§ **WORK ITEM**: Could you transcribe exactly the lines from the one containing "The height and width of the screenshot is (953, 1232)." through the last line of the records below, leaving out the pictures?

§ **DATA EXCERPTS**:
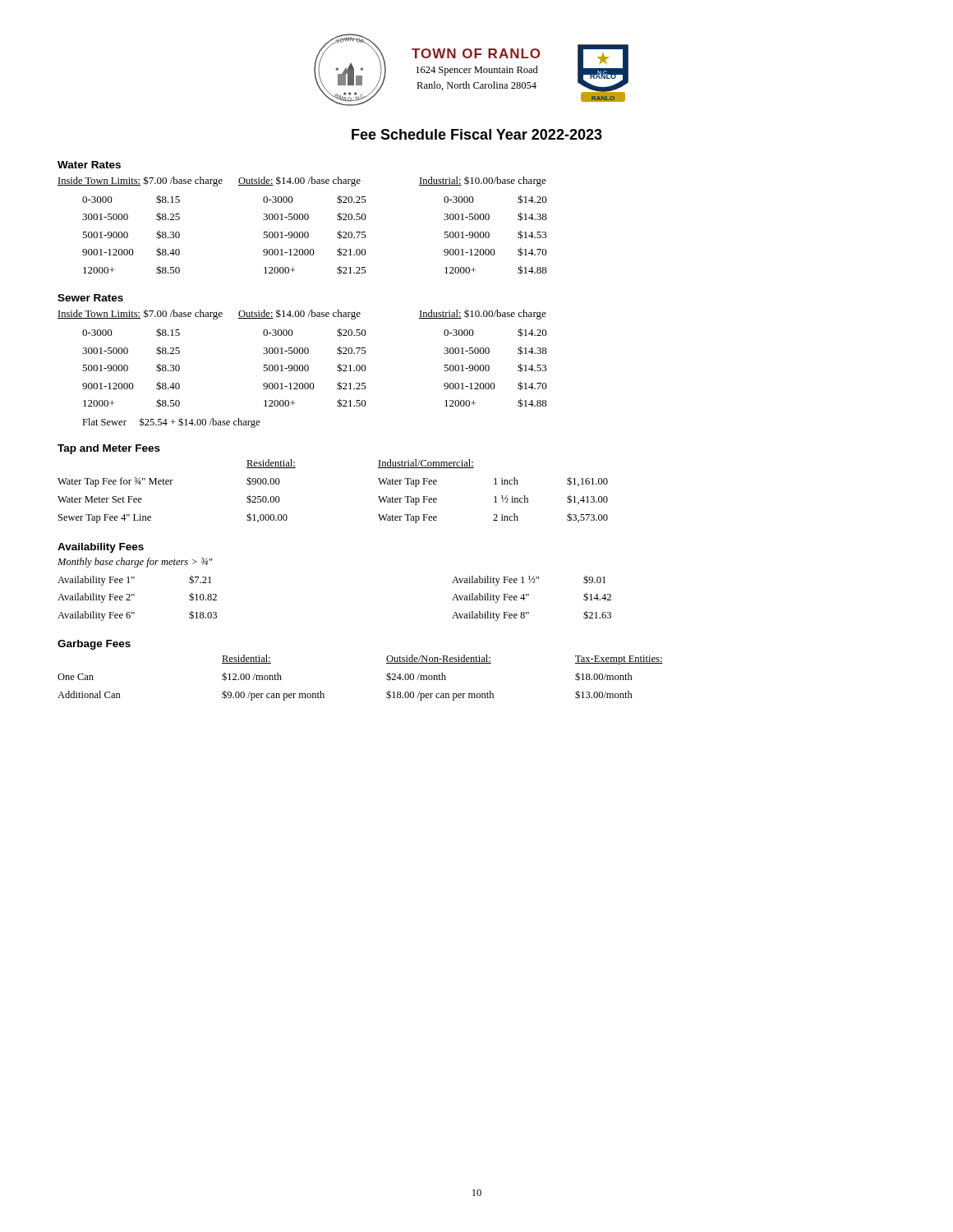Select the table that reads "Residential: Industrial/Commercial: Water Tap Fee"
The height and width of the screenshot is (1232, 953).
[x=476, y=493]
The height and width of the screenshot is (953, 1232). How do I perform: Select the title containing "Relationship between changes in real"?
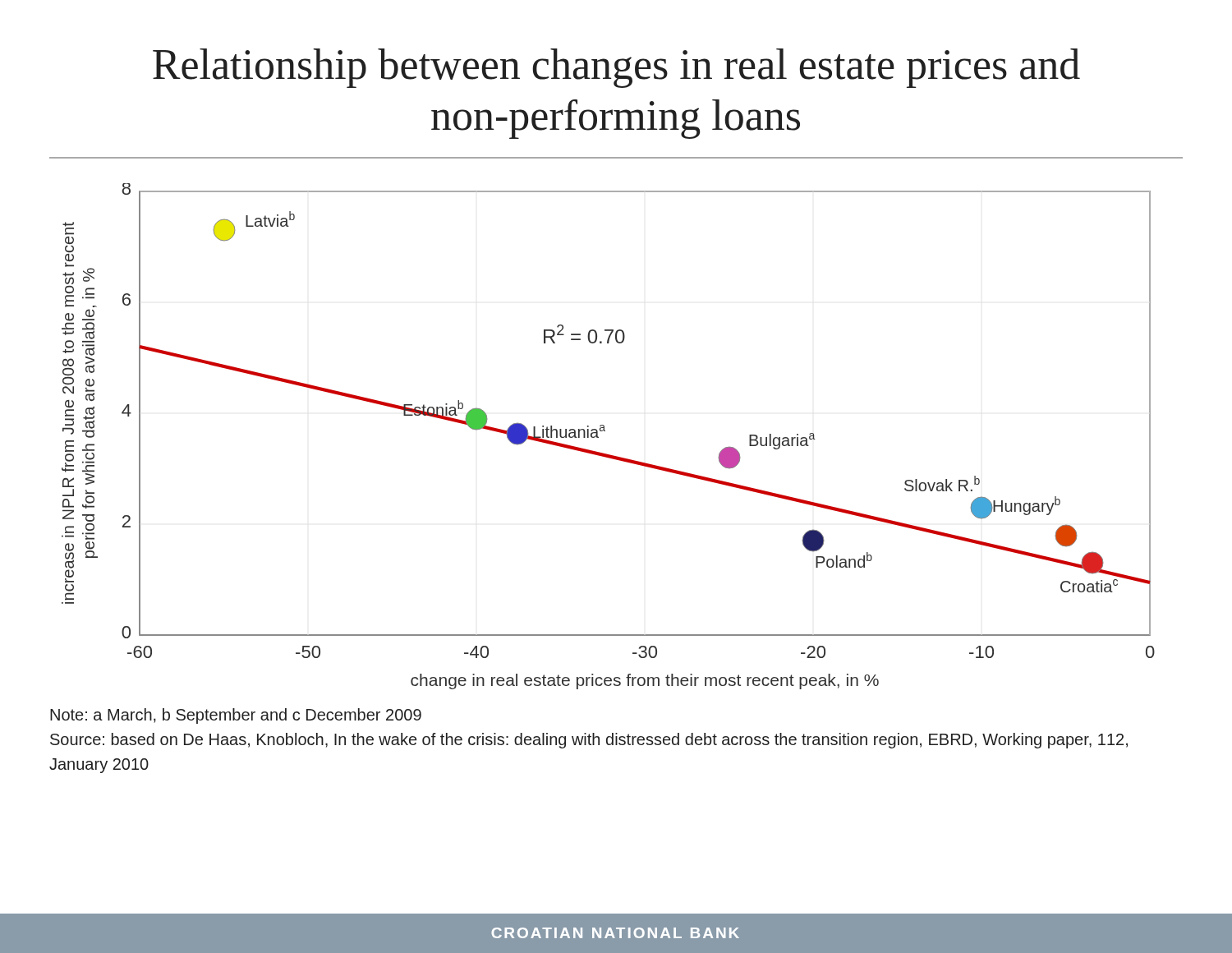(616, 91)

§ **ANSWER SPACE**:
The height and width of the screenshot is (953, 1232). How do I perform: Select the title containing "Relationship between changes in real"?
(616, 91)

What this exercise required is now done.